(Dataset excerpts)
--- START ---

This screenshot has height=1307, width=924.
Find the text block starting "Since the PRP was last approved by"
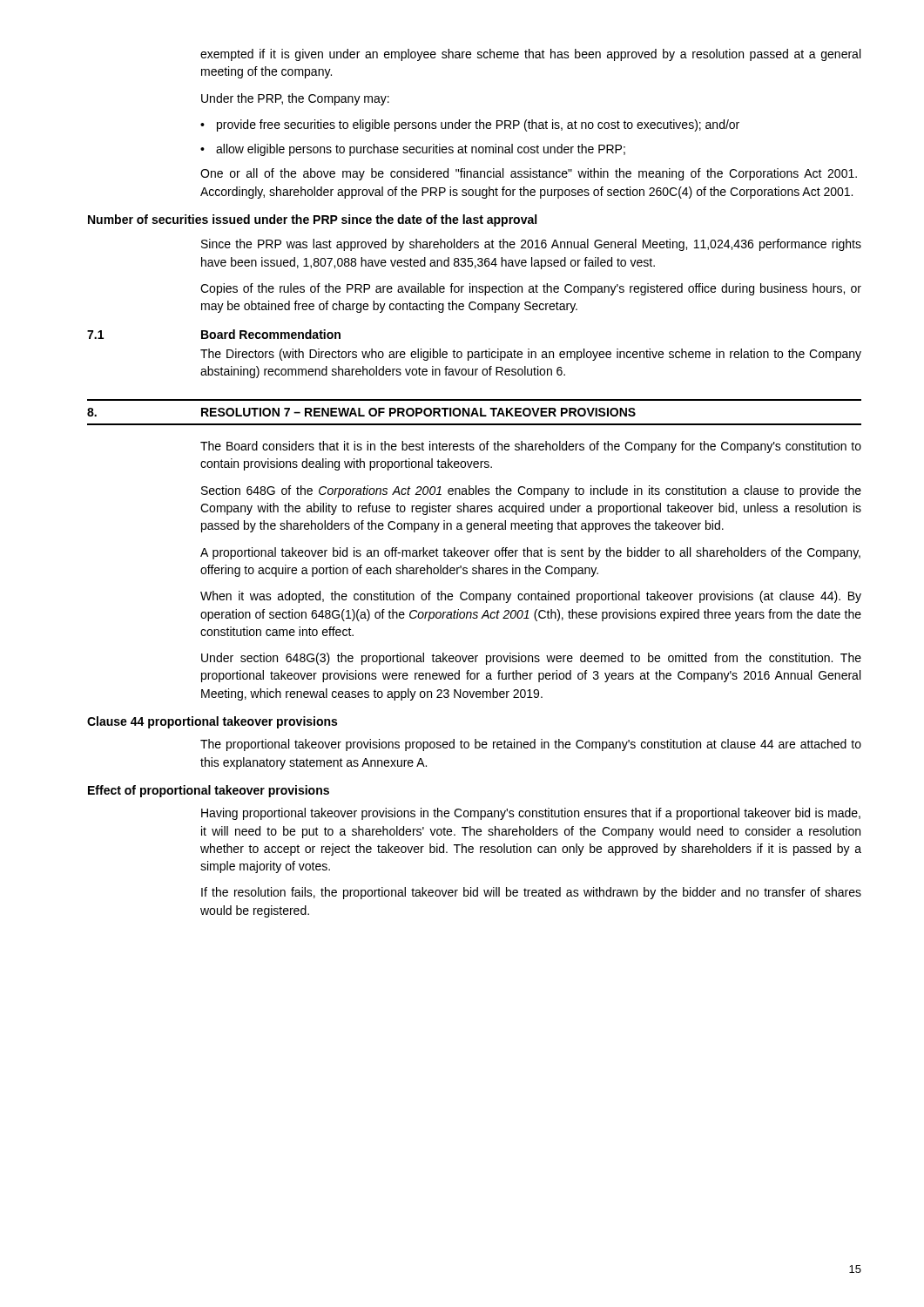click(531, 253)
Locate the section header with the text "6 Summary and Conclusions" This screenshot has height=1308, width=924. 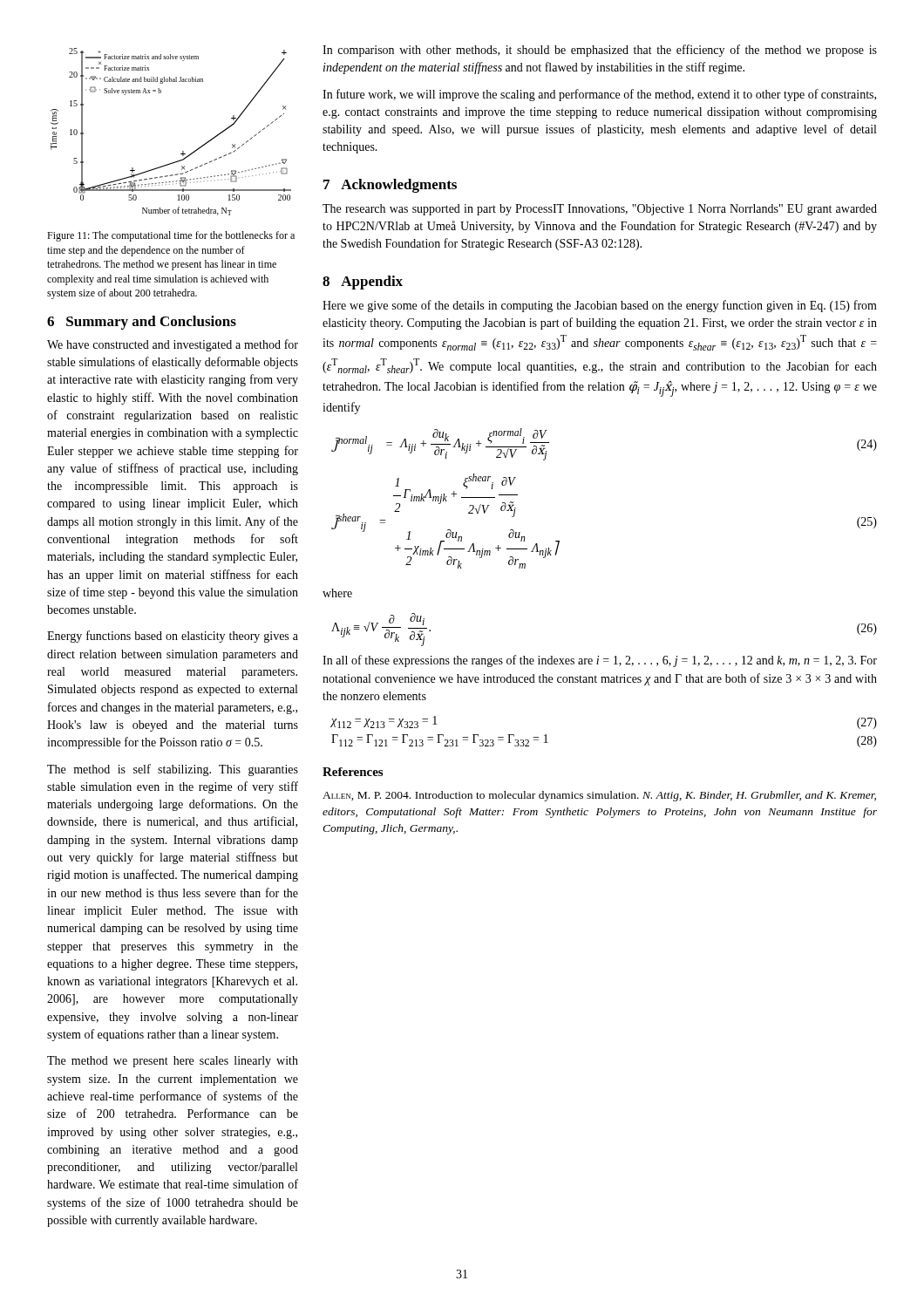(142, 321)
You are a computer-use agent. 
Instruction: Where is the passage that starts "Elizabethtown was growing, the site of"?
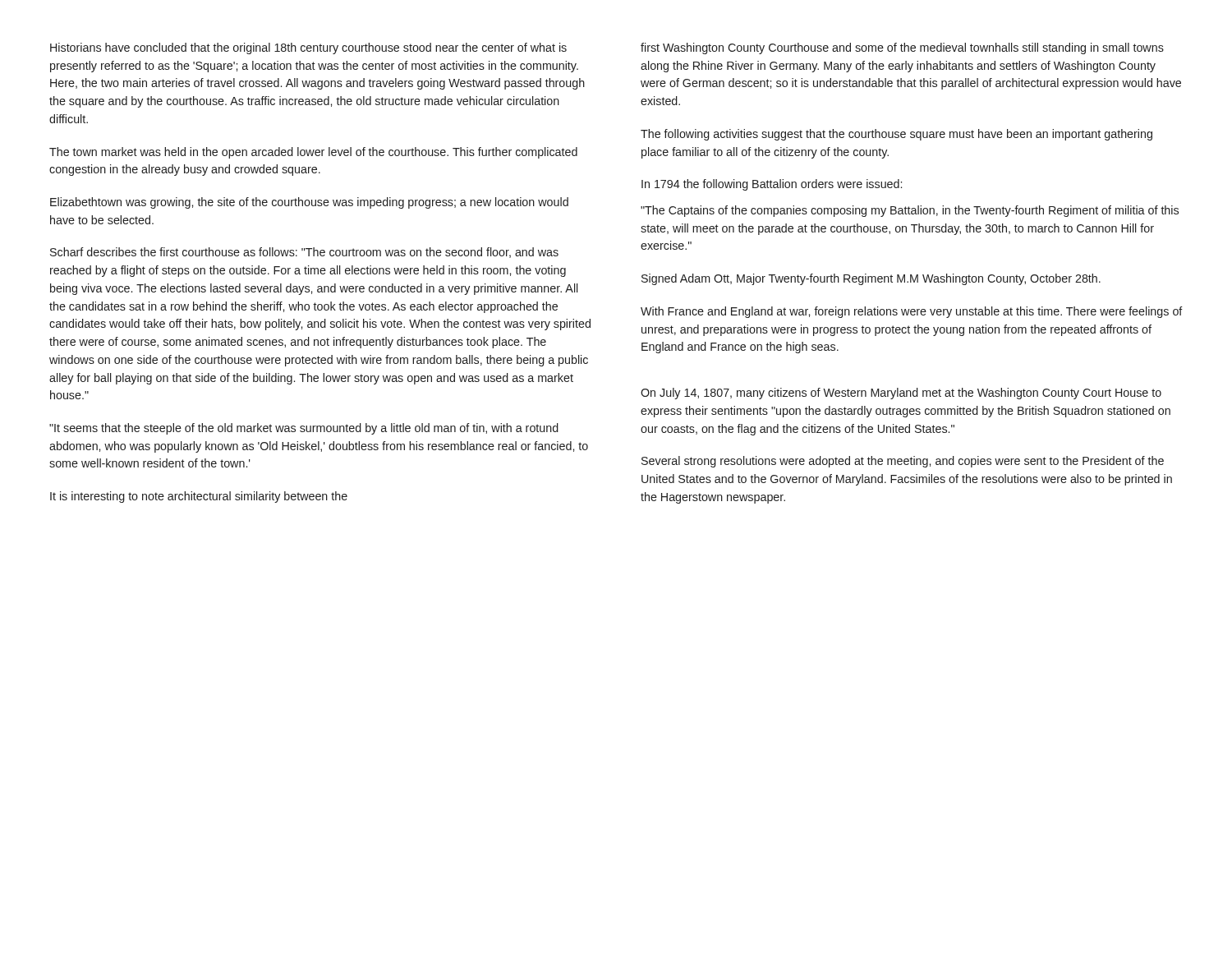click(309, 211)
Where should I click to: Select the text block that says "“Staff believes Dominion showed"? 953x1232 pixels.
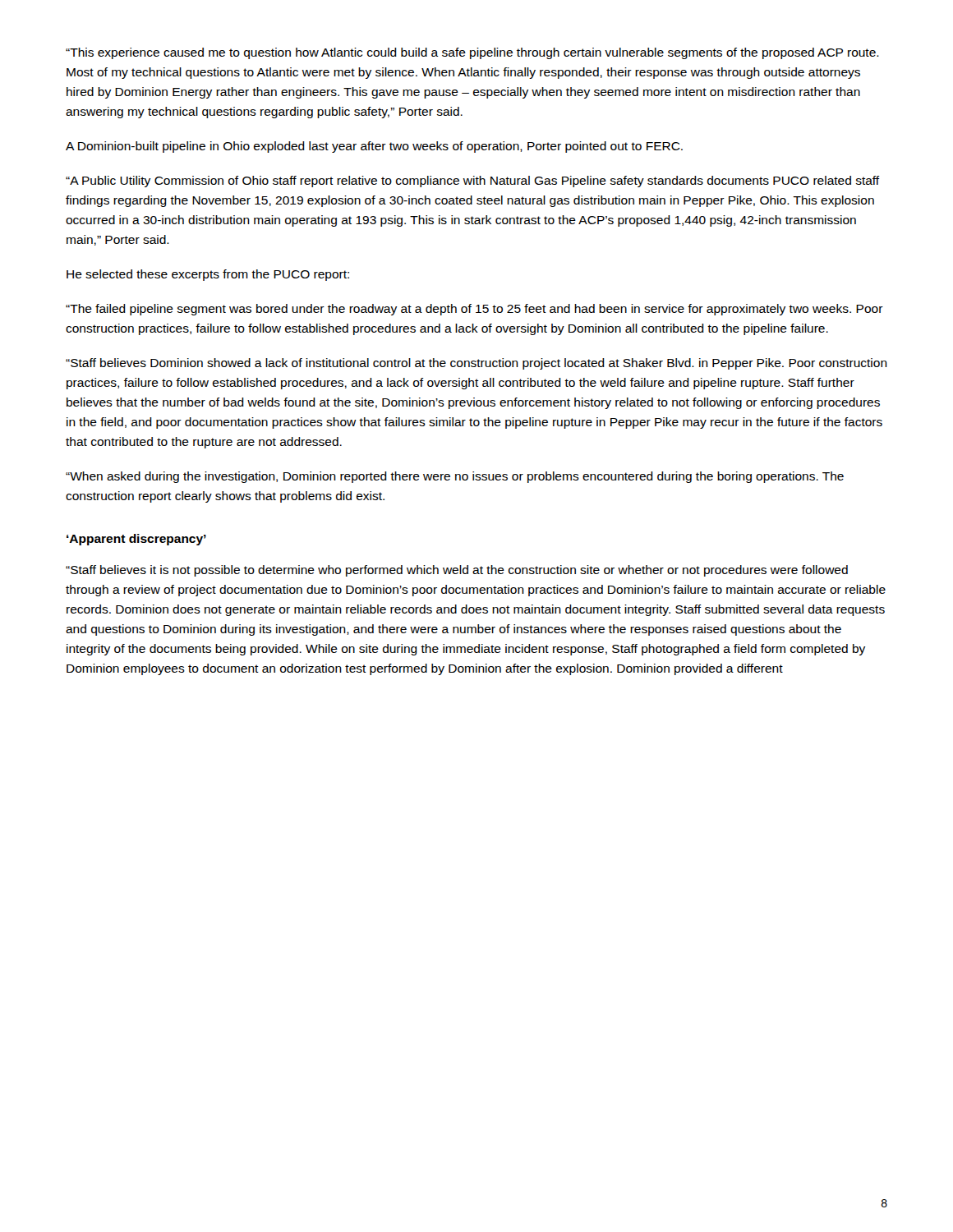[x=476, y=402]
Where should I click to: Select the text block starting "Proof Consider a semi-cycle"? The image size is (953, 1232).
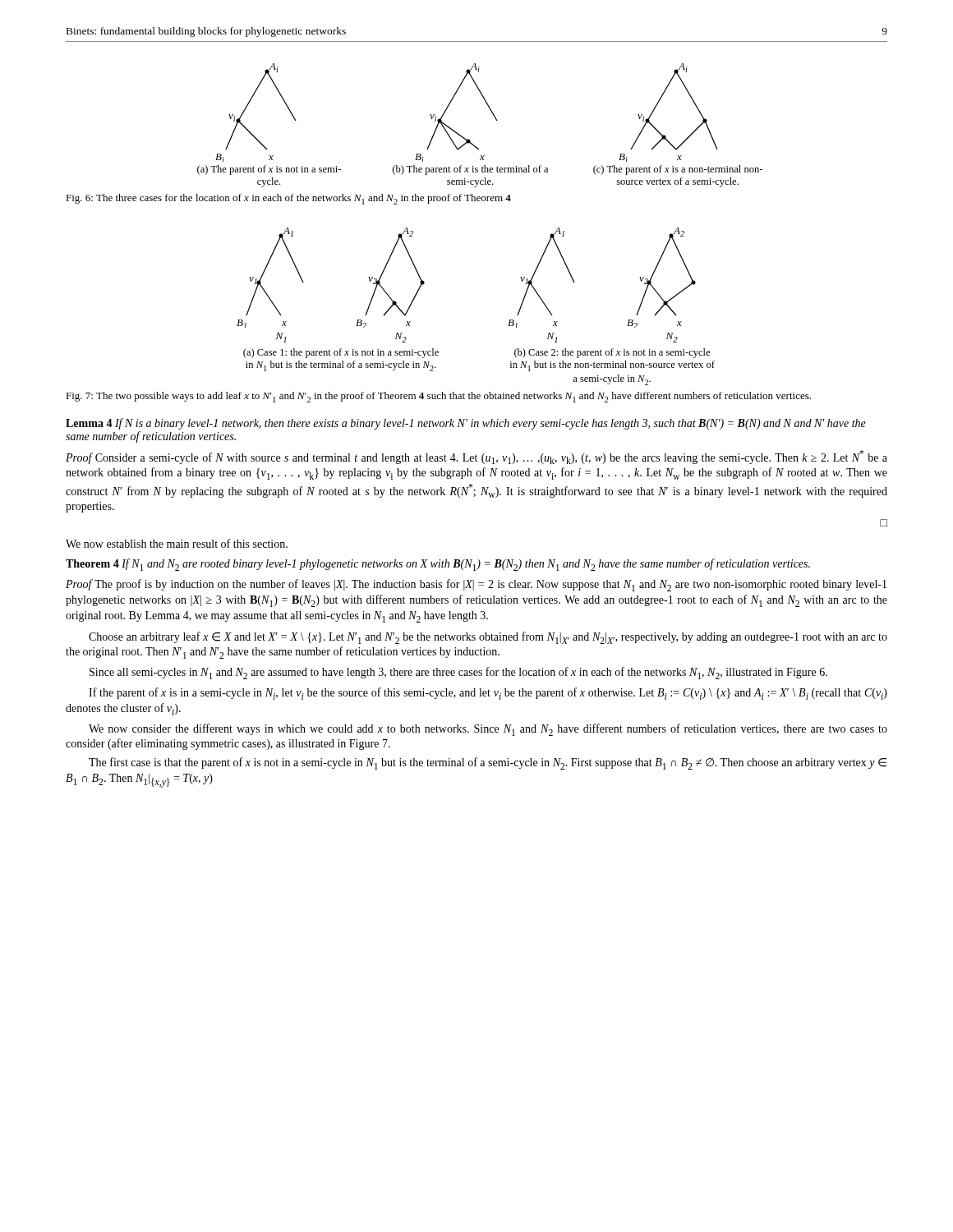pyautogui.click(x=476, y=481)

--- END ---

Leave out the pictures and copy exactly the lines from the one with "Where should I click to: Select the text block that" through the last line of the records above.

→ Written solution
Where should I click to: Select the text block that says "“Staff believes Dominion showed"? 953x1232 pixels.
[x=476, y=402]
Where should I click to: Select the text block starting "Proof Consider a semi-cycle"? The image size is (953, 1232).
pyautogui.click(x=476, y=481)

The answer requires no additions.